É de bom alvitre destacar, ainda, que em razão da intervenção estatal na atividade econômica desenvolvida pelas seguradoras, a grande maioria das normas destinadas a regrar o contrato de seguro foram padronizadas e as apólices dos diferentes ramos do seguro explorados no mercado nacional além de respeitarem os ditames regulamentares próprios são alvo de constante fiscalização do CNSP e da Susep. Inclusive, as condições gerais das apólices sequer são confeccionadas pelas partes contratantes, estando a cargo dos órgãos oficiais, que levam em consideração, sobretudo os interesses dos segurados e a estabilidade técnica das carteiras. 40

Sustentamos, assim, que a apólice, assim como os demais instrumentos próprios do contrato de seguro, por representarem conteúdo regulamentado pelo Estado e advirem de empresa de seguros autorizada e fiscalizada por Órgãos Federais, merecem credibilidade até que se prove o contrário, vale dizer gozam de presunção iurus tantum de legalidade. 41

O contrato de seguro aperfeiçoa-se com o consentimento e prova-se com os instrumentos definidos tanto na lei quanto nas normas regulamentadoras como proposta e apólice. Não há de se confundir, todavia, o contrato de seguro com a proposta ou com a apólice. Estes são instrumentos daquele, que reúnem elementos comprobatórios da relação jurídica securitária. Trata-se, a bem da verdade, de instrumentos que se complementam, de cujos termos se extrai os elementos necessários à comprovação do consenso mantido entre as partes e, por conseguinte, da existência e da validade do próprio contrato.

O segurado, nessa esteira, ao assinar a proposta do seguro nada mais faz do que assinar o próprio contrato de seguro. Ao submeter a proposta à segurada o segurado aguarda apenas a anuência desta – expressa ou tácita – para considerar o contrato perfeito, inexistindo qualquer outro ato que tenha de realizar após a aceitação da seguradora (que representa o termo a quo da existência do contrato).

4. O mutualismo e a delimitação dos riscos

Torna-se tarefa sobremaneira árdua – quiçá impossível – o estudo do contrato de seguro sem a exata compreensão de sua regra de sustentação: o mutualismo.

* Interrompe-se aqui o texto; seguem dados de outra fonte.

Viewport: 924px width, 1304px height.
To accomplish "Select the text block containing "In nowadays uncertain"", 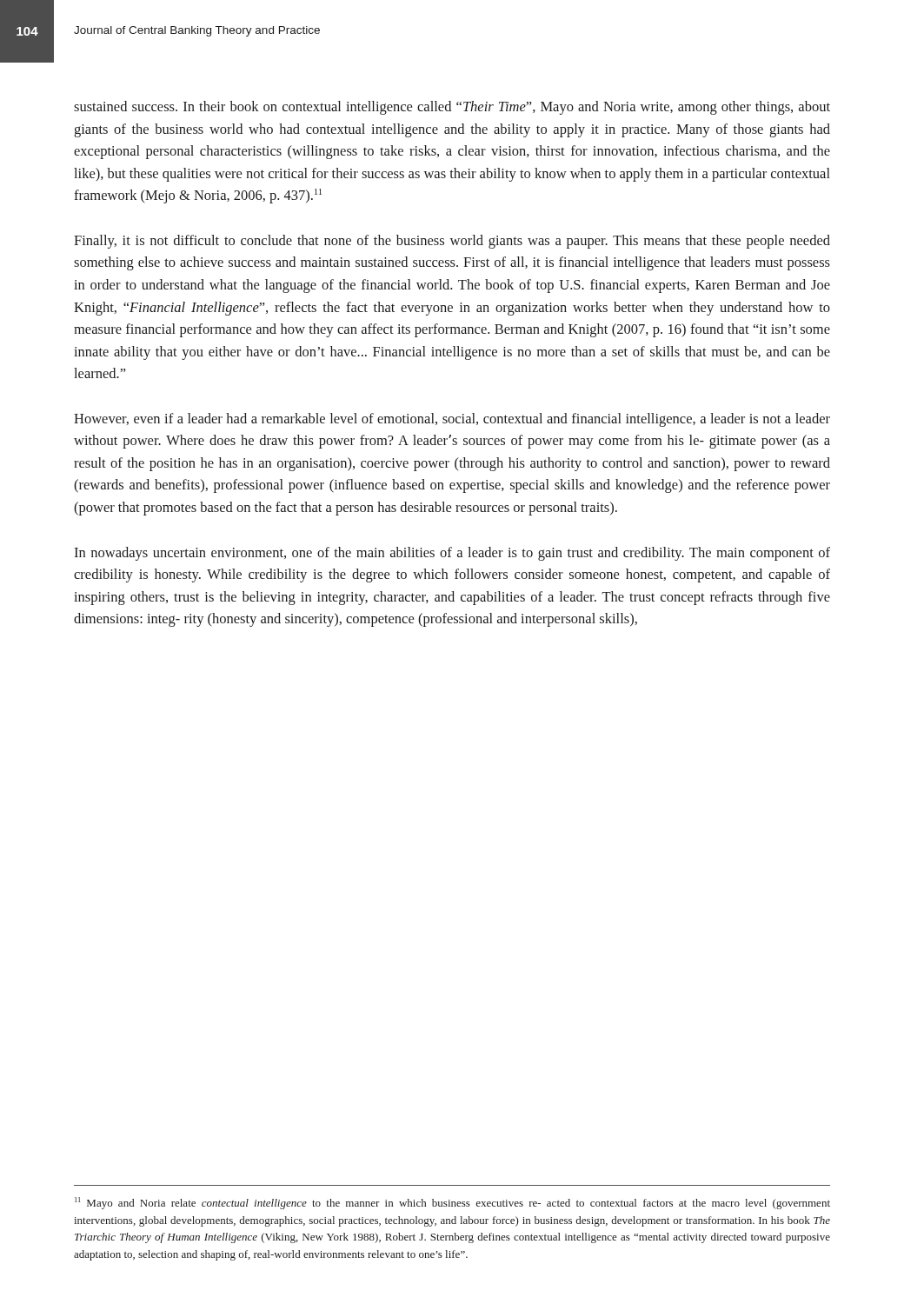I will tap(452, 585).
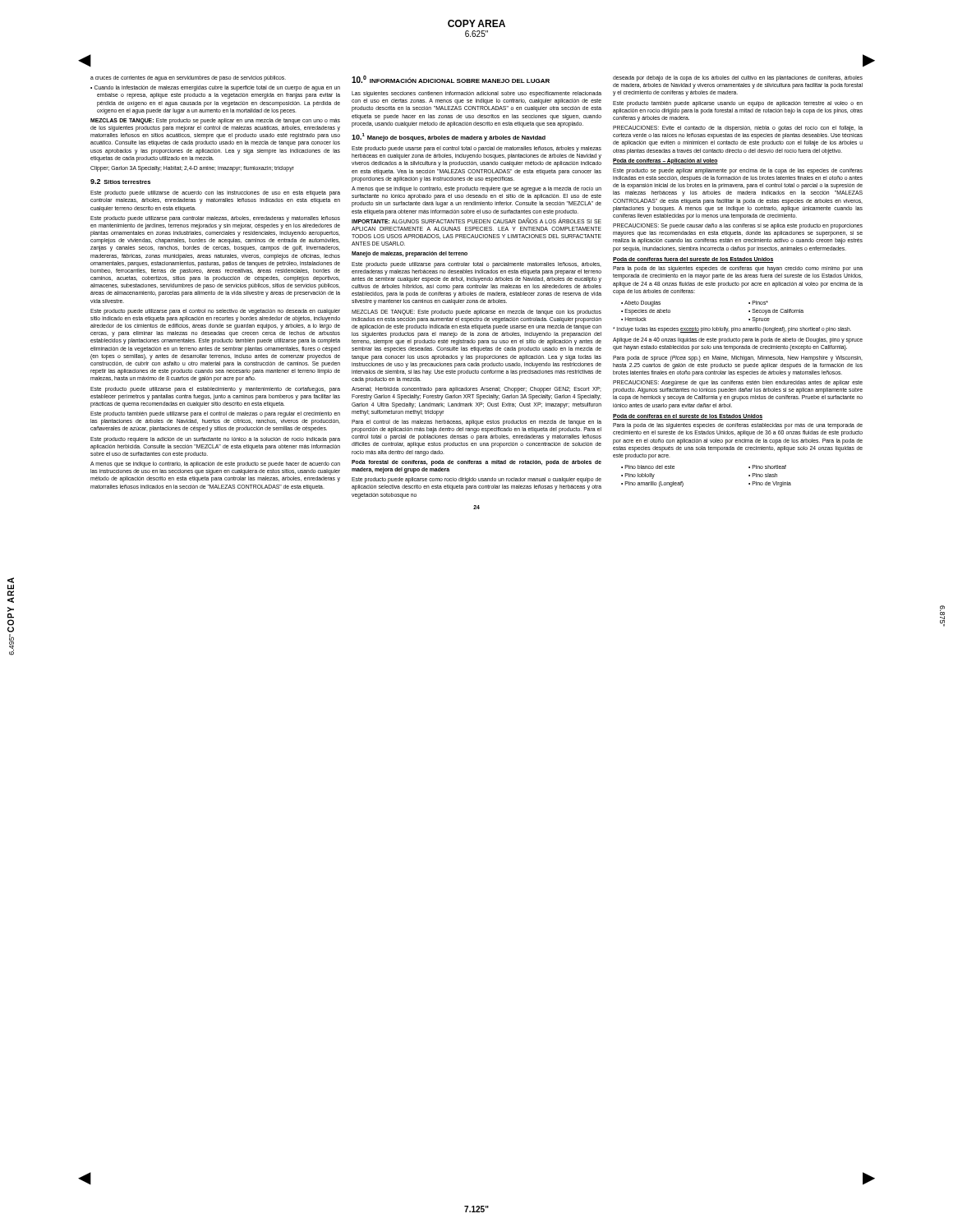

É de Pedro Alvim a advertência que “amadureceu, muito cedo, no espírito humano, a importância da solidariedade, como fator de superação das dificuldades que assoberbavam a vida de cada um ou da própria comunidade. Percebeu-se que era mais fácil suportar coletivamente os efeitos dos riscos que atingiam isoladamente as pessoas. O auxílio de muitos para suprir as necessidades de poucos amenizava as consequências danosas e fortalecia o grupo. A mutualidade, assim, serviu de suporte a todos os sistemas de prevenção ou reparação de danos”. 42

E é o princípio do mutualismo, que desde a antiguidade orienta e justifica o contrato de seguro, de modo que não há como interpretar-se qualquer lide envolvendo a matéria de seguros senão da ótica da mutualidade.

Como ensina João Marcos Brito Martins “o princípio do mutualismo, onde prepondera a reunião de muitos em favorecimento de alguns, induz visão do interesse coletivamente resguardado”. 43

Conquanto seja o contrato de seguro uma operação isolada entre segurado e segurador, somente com a multiplicação desses contratos torna-se possível a prestação de segurança e de garantia sobre o mesmo tipo de risco, para muitas pessoas.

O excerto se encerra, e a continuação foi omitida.